The Alpha IMS system is still undergoing experimental clinical trials in Europe, but it is facing some complications. Firstly, the visual clarity of tested patients is around 20/1000, which is well below the standard for legal blindness. Secondly, the system’s power supply is implanted in a very high-risk surgical procedure, which can endanger patients. In an attempt to overcome the problems faced by both The Boston Retinal Implant Project and Retinal Implant AG, Dr. Daniel Palanker at Stanford and his colleagues are currently developing a subretinal prosthesis involving a goggle-mounted video camera and an implanted photodiode array. The camera receives incoming light and projects the image onto the photodiode array, which then converts the light into pulsed electrical currents. These currents stimulate nearby neurons to relay the signal to the brain. As Dr. Palanker says, “This method for delivering information is completely wireless, and it preserves the natural link between ocular movement and image perception.”2 Human clinical trials are slated to begin in 2016, but Palanker and his team are confident that the device will be able to produce 20/250 visual acuity or better in affected patients.

A potentially safer set of visual prostheses includes suprachoroidal implants. Very similar to the aforementioned subretinal implants, these devices also replace damaged components of the retina. The only difference is that suprachoroidal implants are placed between the choroid layer and the sclera, rather than between the retinal layers. This difference in location allows these devices to be surgically implanted with less risk, as they do not breach the retina itself. Furthermore, these devices are larger compared to subretinal implants, “allowing them to cover a wider visual field, ideal for navigation purposes.” Development of suprachoroidal devices began in the 1990s at both Osaka University in Japan and Seoul National University in South Korea. Dr. Lauren Ayton and Dr. David Nayagam of the Bionic Vision Australia (BVA) research partnership are heading more current research. BVA has tested a prototype of a suprachoroidal device in patients with retinitis pigmentosa, and results have been promising. Patients were able to “better localize light, recognize basic shapes, orient in a room, and walk through mobility mazes with reduced collisions.” More testing is planned for the future, along with improvements to the device’s design.2

Both subretinal and suprachoroidal implants work by replacing damaged photoreceptors, but they rely on a functional neural network between the retina and the optic nerve. Replacing damaged photoreceptors will not help a patient if he or she lacks the neural network that can transmit the signal to the brain. This neural network is composed of ganglion cells at the back of the retina that connect to the optic nerve; these ganglion cells can be viewed as the “output neurons of the eye.” A third type of visual prosthesis targets these ganglion cells. So-called epiretinal implants are placed in the final cell layer of the retina, with electrodes directly stimulating the optic nerve. Because these devices are implanted in the last retinal layer, they work “regardless of the state of the upstream neurons”.2 So the main advantage of an epiretinal implant is that, in cases of widespread retinal damage due to severe retinitis pigmentosa, the device provides a shortcut directly to the optic nerve.

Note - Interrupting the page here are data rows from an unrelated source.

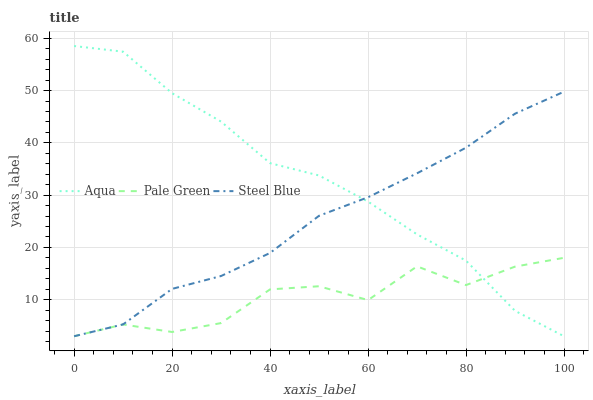Does Pale Green have the minimum area under the curve?
Answer yes or no. Yes. Does Aqua have the maximum area under the curve?
Answer yes or no. Yes. Does Steel Blue have the minimum area under the curve?
Answer yes or no. No. Does Steel Blue have the maximum area under the curve?
Answer yes or no. No. Is Steel Blue the smoothest?
Answer yes or no. Yes. Is Pale Green the roughest?
Answer yes or no. Yes. Is Aqua the smoothest?
Answer yes or no. No. Is Aqua the roughest?
Answer yes or no. No. Does Aqua have the highest value?
Answer yes or no. Yes. Does Steel Blue have the highest value?
Answer yes or no. No. Does Aqua intersect Steel Blue?
Answer yes or no. Yes. Is Aqua less than Steel Blue?
Answer yes or no. No. Is Aqua greater than Steel Blue?
Answer yes or no. No.

The most promising example of an epiretinal device is the Argus II Visual Prosthesis System, developed by Second Sight. The device, composed of a glasses-mounted camera that wirelessly transmits visual data to an implanted microelectrode array, received FDA marketing approval in 2012. Clinical trials have shown a substantial increase in visual perception and acuity in patients with severe retinitis pigmentosa, and the system has been implanted in more than 50 patients to date.

The common limitation of all these visual prostheses (subretinal, suprachoroidal, and epiretinal) is that they rely on an intact and functional optic nerve. But some blind patients have damaged optic nerves due to head trauma. The optic nerve connects the eye to the brain, so for patients with damage in this region, bionics researchers must find a way to target the brain itself. Experiments in the early 20th century showed that, by stimulating certain parts of the brain, blind patients could perceive light flashes known as phosphenes. Building from these experiments, modern scientists are working to develop cortical prostheses implanted in either the visual cortex of the cerebrum or the lateral geniculate nucleus (LGN), both of which are key in the brain’s ability to interpret visual information. Such a device would not truly restore natural vision, but produce artificial vision through the elicitation of phosphene patterns.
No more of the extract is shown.